A Phase II smoking cessation clinical trial at the University of Minnesota Masonic Comprehensive Cancer Center (Hatsukami et al. 2010) also measured exposure of various smoke compounds in smokers from smoking a VLN cigarette containing our proprietary tobacco over a six (6)-week period. Smokers significantly reduced their smoking as compared to their usual brand of cigarettes. The number of VLN cigarettes smoked per day on average decreased from 19 (the baseline number of cigarettes of smokers’ usual brand) to 12 by the end of the six (6)-week period, even though participants were instructed to smoke ad libitum (as many cigarettes as desired) during treatment. Furthermore, besides significant reductions in other biomarkers, carbon monoxide (CO) levels, an indicator of smoke exposure, significantly decreased from 20 parts per million (baseline) to 15 parts per million. Cotinine, a metabolite and biomarker of nicotine, significantly decreased from 4.2 micrograms/mL (baseline) to 0.2 micrograms/ml. All differences were statistically significant (P<0.05).

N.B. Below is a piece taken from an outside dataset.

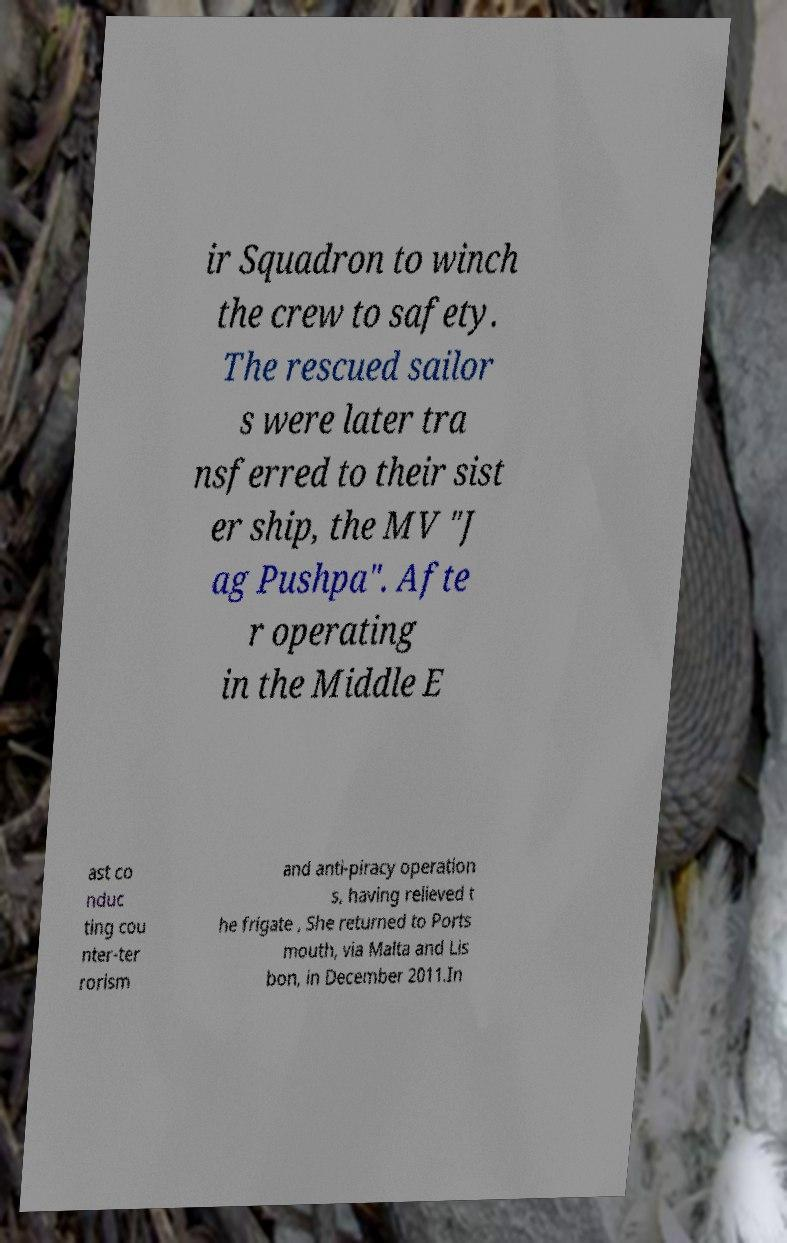What messages or text are displayed in this image? I need them in a readable, typed format. ir Squadron to winch the crew to safety. The rescued sailor s were later tra nsferred to their sist er ship, the MV "J ag Pushpa". Afte r operating in the Middle E ast co nduc ting cou nter-ter rorism and anti-piracy operation s, having relieved t he frigate , She returned to Ports mouth, via Malta and Lis bon, in December 2011.In

A recently completed study led by the University of Pittsburgh directly compared perceptions of and smoking behavior with SPECTRUM research cigarettes of different nicotine content produced by us for NIDA in a total of 840 subjects (ClinicalTrials.gov Identifier: NCT01681875). The study included groups of 120 smokers who received VLN cigarettes with the same nicotine level as used in the initial X-22 Phase II-B study or the nicotine level used in the University of Minnesota and Queen Mary University trials.
Utilizing the results of these and other independent clinical trials, we intend to submit to the Center for Tobacco Products (“CTP”) of the FDA an application for BRAND A as a Modified Risk Cigarette.
We believe these and other results and future exposure studies the FDA may require will result in a modified risk cigarette claim for BRAND A. We further believe smokers who desire to smoke fewer cigarettes per day while also satisfying cravings and reducing exposure to nicotine will find BRAND A beneficial. There is, however, no guarantee that BRAND A will be classified as a Modified Risk Cigarette by the FDA.